In the expansions dictionary entries are also in upper case, tab-separated from their expansions:

MON	MONDAY(1)
MON.	MONDAY(1)
MPG	MILES PER(1) GALLON
MPH	MILES PER(1) HOUR
MR	MISTER
MR.	MISTER
MRS	MISSIS
MRS.	MISSIS

Issues and remarks

  • strict IPA versus traditional phonetic symbols: the phonetic symbols are strictly as defined by the IPA, as opposed to how they have traditionally been used in many dictionaries and the language learning literature. In particular:

    • /ɐ/ instead of traditional /ʌ/
    • /ɹ/ instead of traditional /r/
    • /ɛ/ instead of traditional /e/
    • /ɜː/ instead of traditional /əː/
  • unstressed vowels as /ə/ and /ɪ/: due to the diversity of the sources for phonetic transcription, there's some inconsistency in how weak vowels are transcribed, though in most cases /ɪ/ is used, following the Collins Dictionary.

  • final i: final unstressed i's are given a short tense "i" phoneme /i/, different from both /iː/ and /ɪ/, to reflect happy-tensing. Most dictionaries show this vowel (https://en.wikipedia.org/wiki/English_phonology) or the short tense /ɪ/. There might be some inconsistency in the transcription as happy-tensing is preserved in inflected variants in spoken English (e.g., studied derives it from study, and it contrasts with studded) yet this might not always be reflected in the dictionary.

  • secondary stress: secondary stress is not always marked (the primary always is).

  • stems and inflections: not all inflected open-class words (noun, verbs, adjectives and adverbs) have all their inflected variants, and not all variants show all of the alternative pronunciations. The possessive form -'s of nouns is not included, and neither is the superlative form of most adjectives and adverbs.

  • acronyms vs initialisms: The expansions dictionary only contains acronyms, i.e., words that are not pronounced by spelling out the individual letters (e.g. NATO). Initialisms, on the other hand, (e.g. BBC, NHS) are excluded. The pronunciation of these can be obtained by looking up the names of the individual letters in the main dictionary, then concatenating them.

Sources

The initial source of the phonetic transcriptions is cmudict, plus a number of other sources for British English specifics: Wiktionary, Wikipedia, the Collins Dictionary, the Oxford Dictionary, the Cambridge Dictionary and the MacMillan Dictionary.

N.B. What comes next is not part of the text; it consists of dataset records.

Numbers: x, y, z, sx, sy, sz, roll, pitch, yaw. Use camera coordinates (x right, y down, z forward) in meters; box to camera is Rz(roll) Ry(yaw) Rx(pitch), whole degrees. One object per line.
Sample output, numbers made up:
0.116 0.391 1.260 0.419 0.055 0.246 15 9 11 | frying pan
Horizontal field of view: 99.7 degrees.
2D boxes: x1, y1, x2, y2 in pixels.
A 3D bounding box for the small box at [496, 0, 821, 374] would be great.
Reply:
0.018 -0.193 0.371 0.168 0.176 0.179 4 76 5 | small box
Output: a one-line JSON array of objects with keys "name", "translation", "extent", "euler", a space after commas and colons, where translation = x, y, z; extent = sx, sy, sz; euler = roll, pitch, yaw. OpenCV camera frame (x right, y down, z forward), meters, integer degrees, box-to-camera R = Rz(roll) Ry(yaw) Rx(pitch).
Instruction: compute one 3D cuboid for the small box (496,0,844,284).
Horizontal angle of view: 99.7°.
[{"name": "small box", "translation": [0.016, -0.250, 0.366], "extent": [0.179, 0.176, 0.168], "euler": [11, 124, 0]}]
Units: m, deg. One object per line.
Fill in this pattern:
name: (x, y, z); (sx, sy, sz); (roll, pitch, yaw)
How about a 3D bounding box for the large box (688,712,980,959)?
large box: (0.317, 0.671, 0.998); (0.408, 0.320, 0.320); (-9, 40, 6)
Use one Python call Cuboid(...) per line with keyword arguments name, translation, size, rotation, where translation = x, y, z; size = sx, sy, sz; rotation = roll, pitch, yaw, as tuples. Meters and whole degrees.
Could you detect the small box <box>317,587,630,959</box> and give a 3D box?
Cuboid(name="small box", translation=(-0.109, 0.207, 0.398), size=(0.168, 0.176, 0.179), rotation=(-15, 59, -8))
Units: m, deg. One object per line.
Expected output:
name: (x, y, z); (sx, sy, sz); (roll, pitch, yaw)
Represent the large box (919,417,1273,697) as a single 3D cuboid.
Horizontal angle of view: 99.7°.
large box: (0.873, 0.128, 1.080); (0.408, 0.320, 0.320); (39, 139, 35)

The main sources of the word frequency-filtered vocabulary are the top 10K in the British National Corpus, the Google Web Corpus and the New General Service Lists. Not all words in these lists are included since due to sampling bias there are uncommon words like athelstan or phentermine, as well as foreign words. Also excluded are initialisms.

Changelog

See Changelog

Contribuiting

If you'd like to contribute a correction or an addition, or make a request for an addition, you can make a pull request or open an issue.

MIT License (MIT)

Copyright (c) 2017 by Jose Llarena

Permission is hereby granted, free of charge, to any person obtaining a copy of this software and associated documentation files (the "Software"), to deal in the Software without restriction, including without limitation the rights to use, copy, modify, merge, publish, distribute, sublicense, and/or sell copies of the Software, and to permit persons to whom the Software is furnished to do so, subject to the following conditions:

The above copyright notice and this permission notice shall be included in all copies or substantial portions of the Software.

THE SOFTWARE IS PROVIDED "AS IS", WITHOUT WARRANTY OF ANY KIND, EXPRESS OR IMPLIED, INCLUDING BUT NOT LIMITED TO THE WARRANTIES OF MERCHANTABILITY, FITNESS FOR A PARTICULAR PURPOSE AND NONINFRINGEMENT. IN NO EVENT SHALL THE AUTHORS OR COPYRIGHT HOLDERS BE LIABLE FOR ANY CLAIM, DAMAGES OR OTHER LIABILITY, WHETHER IN AN ACTION OF CONTRACT, TORT OR OTHERWISE, ARISING FROM, OUT OF OR IN CONNECTION WITH THE SOFTWARE OR THE USE OR OTHER DEALINGS IN THE SOFTWARE.